Training of personnel on the intricacies of the equipment is an essential part of ensuring data quality.  With improvements in non-intrusive detector hardware and software occurring at a rapid pace, maintenance personnel must be computer literate and must maintain an awareness of the latest changes for a variety of detection systems.  Initial training of new systems is often available through the vendor, but turnover in maintenance staff and new models require an ongoing training program. 

 

If data sharing is to be effective, the training program must also encourage employees to develop positive relationships and a sharing attitude with agencies that need data and those serving as resources.  The goal is to explain the synergism of sharing data with others, rather than simply looking at ones own needs.  Familiarity with the equipment will be critical to achieving success.  Troubleshooting techniques must include training on the right equipment along with ways of immediately identifying problems. 
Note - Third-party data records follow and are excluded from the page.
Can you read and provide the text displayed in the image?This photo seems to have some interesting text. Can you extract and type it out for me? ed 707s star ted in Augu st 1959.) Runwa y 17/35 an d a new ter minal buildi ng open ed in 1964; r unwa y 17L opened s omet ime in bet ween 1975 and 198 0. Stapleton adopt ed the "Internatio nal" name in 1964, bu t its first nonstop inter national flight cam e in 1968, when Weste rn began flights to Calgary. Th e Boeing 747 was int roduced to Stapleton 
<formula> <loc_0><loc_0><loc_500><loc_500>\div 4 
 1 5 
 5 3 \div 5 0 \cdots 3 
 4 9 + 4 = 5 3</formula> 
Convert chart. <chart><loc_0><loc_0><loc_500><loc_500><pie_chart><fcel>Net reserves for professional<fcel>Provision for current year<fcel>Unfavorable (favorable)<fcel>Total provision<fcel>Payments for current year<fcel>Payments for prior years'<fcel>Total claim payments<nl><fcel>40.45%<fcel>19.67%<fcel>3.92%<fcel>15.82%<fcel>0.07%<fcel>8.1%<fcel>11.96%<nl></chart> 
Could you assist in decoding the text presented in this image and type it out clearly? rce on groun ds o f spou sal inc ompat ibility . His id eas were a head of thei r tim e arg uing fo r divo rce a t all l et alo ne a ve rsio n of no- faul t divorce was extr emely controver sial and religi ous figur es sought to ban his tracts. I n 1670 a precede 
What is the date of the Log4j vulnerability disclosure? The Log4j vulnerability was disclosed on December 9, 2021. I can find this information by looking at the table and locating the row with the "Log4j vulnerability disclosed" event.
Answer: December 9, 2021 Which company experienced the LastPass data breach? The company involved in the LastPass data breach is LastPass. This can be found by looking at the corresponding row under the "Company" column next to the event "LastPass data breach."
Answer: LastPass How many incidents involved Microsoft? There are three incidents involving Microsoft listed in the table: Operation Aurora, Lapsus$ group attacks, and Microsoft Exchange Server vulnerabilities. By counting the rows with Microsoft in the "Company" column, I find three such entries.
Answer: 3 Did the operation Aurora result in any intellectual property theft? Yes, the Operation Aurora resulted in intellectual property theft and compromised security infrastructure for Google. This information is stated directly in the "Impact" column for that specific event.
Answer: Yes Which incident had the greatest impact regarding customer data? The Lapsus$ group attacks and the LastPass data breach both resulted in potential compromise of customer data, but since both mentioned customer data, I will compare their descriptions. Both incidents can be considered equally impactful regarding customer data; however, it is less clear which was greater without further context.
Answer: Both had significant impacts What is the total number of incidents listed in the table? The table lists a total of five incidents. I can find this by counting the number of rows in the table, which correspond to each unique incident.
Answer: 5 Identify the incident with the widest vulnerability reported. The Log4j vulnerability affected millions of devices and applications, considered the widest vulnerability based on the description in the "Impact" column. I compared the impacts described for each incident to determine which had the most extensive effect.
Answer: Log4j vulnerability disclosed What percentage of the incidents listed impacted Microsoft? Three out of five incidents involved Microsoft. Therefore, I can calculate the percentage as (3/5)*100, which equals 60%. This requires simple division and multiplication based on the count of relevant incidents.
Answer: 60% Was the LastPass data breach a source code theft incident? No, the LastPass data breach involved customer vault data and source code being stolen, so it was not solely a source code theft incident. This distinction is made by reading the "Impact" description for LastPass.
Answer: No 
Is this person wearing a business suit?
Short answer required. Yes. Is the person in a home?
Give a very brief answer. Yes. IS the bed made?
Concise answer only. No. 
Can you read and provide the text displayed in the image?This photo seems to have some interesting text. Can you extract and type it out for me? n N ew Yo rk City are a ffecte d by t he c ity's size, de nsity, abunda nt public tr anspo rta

Advanced Traffic Detection Techniques

Quality Control emphasizes data quality by ensuring selection of the most accurate detector then optimizing detector system performance.  Most evaluations of advanced or newer non-intrusive detectors compare with inductive loops because loops are a mature technology and, when properly installed, serve as an adequate benchmark for test purposes.  In other words loops are being replaced in the U.S. due to factors other than their accuracy such as the high expense of traffic control, the danger in exposing installation crews to traffic, and excess motorist delay and fuel consumption.  Several studies conducted in the 1980s found that most failures originate in the loop wire, but the wire itself is not necessarily the initiating cause of failure.  Results from studies conducted in Minnesota, New York, Oregon, and Washington indicate that improper sealing, pavement deterioration, and foreign material in the saw slot were most prominent in explaining loop failure (22).

 

Even though most U.S. jurisdictions are seeking non-inductive loop solutions to fill the traffic monitoring need, that is not true of European countries.  According to findings of a scanning tour sponsored by the Federal Highway Administration, while each of the five countries visited is conducting research into new detection systems, none is seeking to replace inductive loops as the primary means of traffic data collection.  The main reason is that inductive loops continue to adequately serve their needs (21).

 

Now that decision-makers have a choice in detectors, they must know the performance, cost, and user interface characteristics of the alternatives in order to choose wisely.  Many agencies purchase new and unfamiliar detectors based on limited knowledge of these factors because they lack resources for testing (sometimes relying on vendor claims) and/or an immediate need for detection at a critical location.  Two recent research initiatives described below provide useful input for this process.

 

The most recent research into the performance attributes of advanced detection techniques has occurred at the Texas Transportation Institute (14) and in Phase II of the MinnDOT Non-Intrusive Tests (23).  As noted in the Background section of this paper, TTI tested the Autoscope Solo Pro, Iteris Vantage, SAS-1 by SmarTek, and RTMS by EIS.  In its Phase II tests, MinnDOT evaluated the Autosense II by Swartz Electro-Optics (active infrared), 3M microloops (magnetic), ECM Loren (radar), SAS-1 by SmarTek (acoustic), IR 254 by ASIM (passive infrared (PIR)), DT 272 by ASIM (PIR/ultrasonic), TT 262 by ASIM (PIR/ultrasonic/radar), the Autoscope Solo by ISS (VID), and VIP by Traficon (VID).  The text that follows summarizes findings, organized alphabetically by detector name. 

ASIM IR 254

The IR 254 is a passive infrared sensor made by ASIM Technology Ltd of Switzerland.  The sensor only monitors one lane, and it can be mounted either over the lane or slightly to the side of the roadway but it must face oncoming traffic.  Its alignment needs cause problems in obtaining optimum performance, so installations should prefer overhead mounting.  MinnDOT tests found that the IR 254 use was simple, straightforward, small and easy to mount.  Detection accuracy was better during free-flow conditions, but it undercounted by 10 percent during heavy traffic.  The device consistently underestimated speed by 10 percent on average (23). 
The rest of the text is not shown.